No formal pleading, other than the claim and notice, shall be necessary, but if the defendant wishes to state new matter which constitutes a counterclaim or a set off, he shall file a verified answer, a copy of which shall be delivered to the plaintiff in person, and filed with the clerk of the court not later than seventy-two (72) hours prior to the hour set for the first appearance of said defendant in such action.

¶5 Fowler contends that the trial court erred in hearing and deciding the counterclaim because, although it was filed not later than 72 hours from the date of the hearing, it was not served until the day before the hearing. The question becomes whether the trial court was divested of jurisdiction to hear the counterclaim because of violation of the statutory mandate or whether the defect, late service, is waivable.

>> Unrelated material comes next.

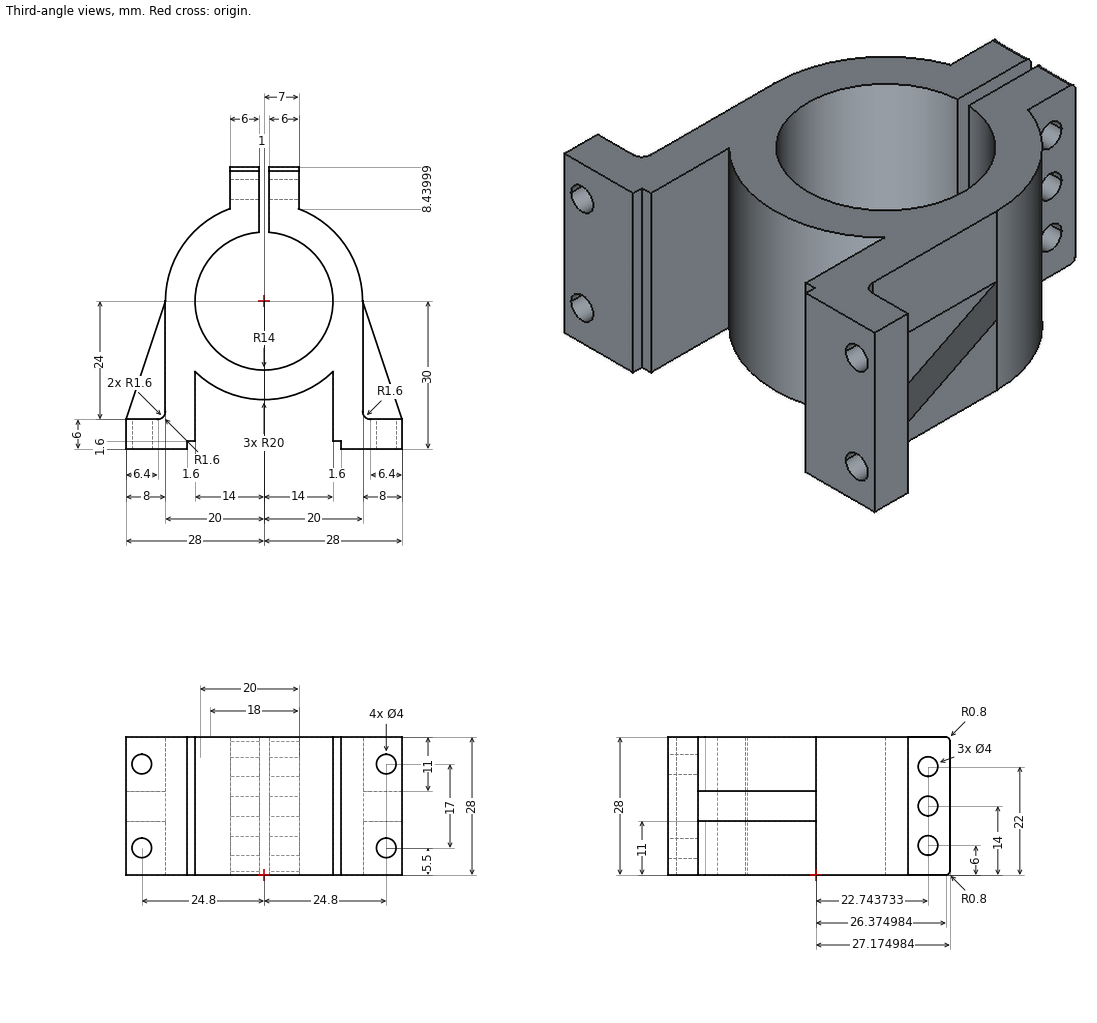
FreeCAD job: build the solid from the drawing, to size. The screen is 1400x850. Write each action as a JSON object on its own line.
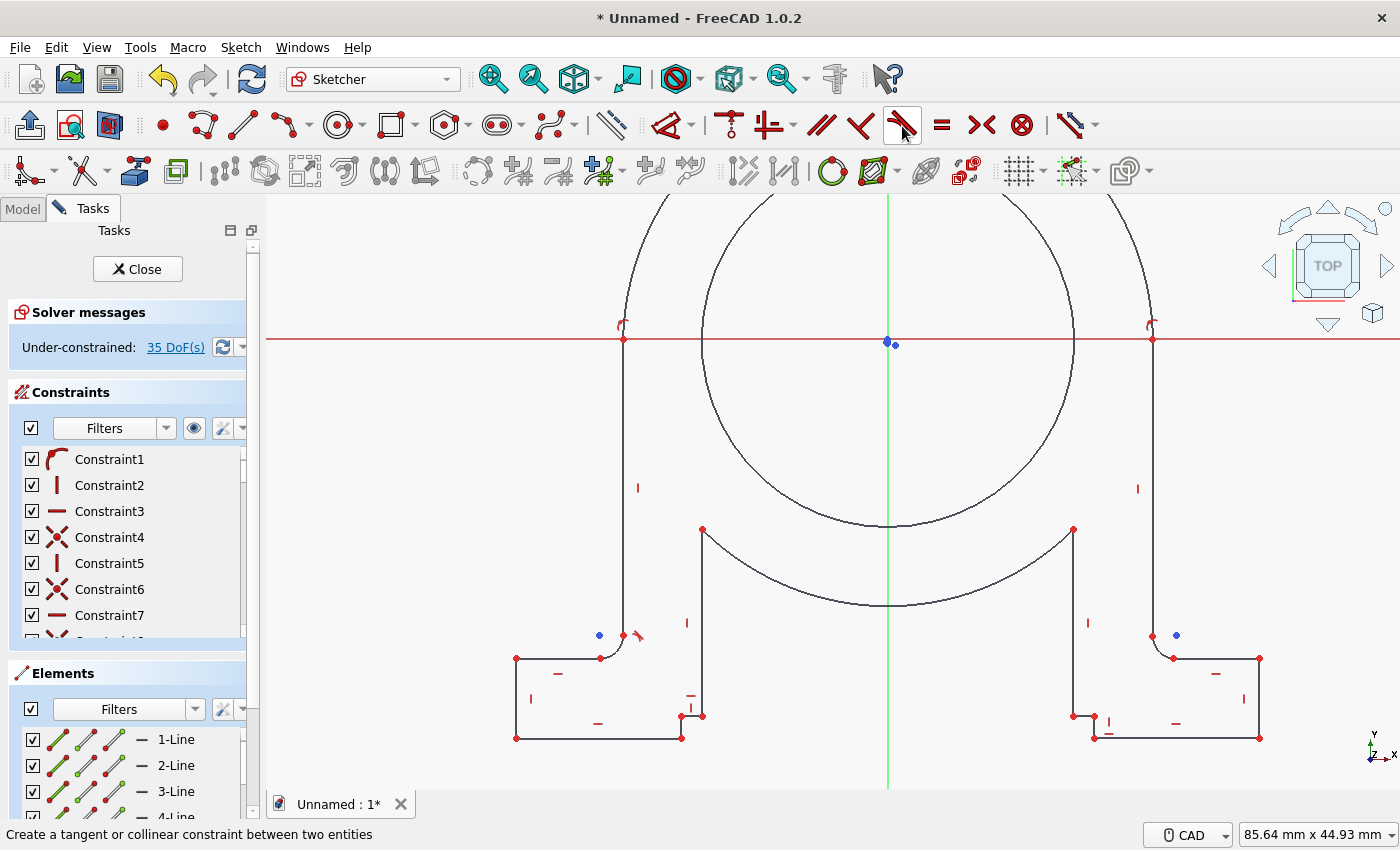
{"action": "left_click", "coordinate": [623, 428]}

¶6 Fowler also asserts that a judgment based on a small claims action which seeks relief in an amount greater than the statute allows cannot stand. When Fowler filed his first affidavit, the amendment raising the cap was not in effect. His claim in the amount of $4,232.72 exceeded the $2,500.00 cap in effect at that time. His alias affidavit and summons

¶7 We find that the alias affidavit and summons and counterclaim, both filed after the amendment's effective date, cured any defect which Fowler may have invited by his first filing. Fowler's intent to benefit by the amendment's higher cap is shown by his filing of the alias petition and prayer for an amount exceeding the limits of the old, but not the new. The general rule is that "any number of alias summonses may be issued, and if one is properly issued, served, and returned, that summons is the one on the basis of which the court's jurisdiction depends, and a succession of alias summonses does not in effect erase the issuance, service, and return of any prior summons." Fleming v. Hall, 1981 OK 155; 638 P.2d 1115, 1116.

¶8 A counterclaim may mature or be acquired after the serving of a pleading. Federal Deposit Insurance Corporation v. Moss, 1991 OK 116; 831 P.2d 613, 619. For that reason, the counterclaim could properly request damages provided in the amended law without violating rules prohibiting retroactivity of substantive law. The purpose of the broad rule of counterclaims is to dispose of all claims at once. 12 O.S. 1991 §2013(B); Id. at 619.

¶9 In this matter, we view the cap on recoverable damages in the small claims division to be a restriction on the court's power to enter judgment in excess of the cap. Regardless of how much a plaintiff or counterclaimant requests in damages, the court is without power to exceed the cap. The nature of the restriction, power to enter [945 P.2d 516] judgment above the cap, must be viewed at the time the trial court is exercising the power. Because of the amendment, the court had the power to enter judgment in an amount not greater than $4,500.00.

¶10 For these reasons, we affirm the trial court's order which entered judgment on Houston's counterclaim.

¶11 Houston's request for appeal-related attorney fees is granted and this matter is remanded to the trial court to determine an appropriate attorney fee.

AFFIRMED.

HANSEN, P.J., and JOPLIN, J., concur.

FOOTNOTES

1Houston argues that time of service of the counterclaim is not relevant and that only the filing time of the counterclaim is covered by the 72 hour rule. We do not address the question because of our finding that late service is waivable.

2In Small Claims procedure, the affidavit (petition) and the summons are served together, on the same form. 12 O.S. 1991§1753.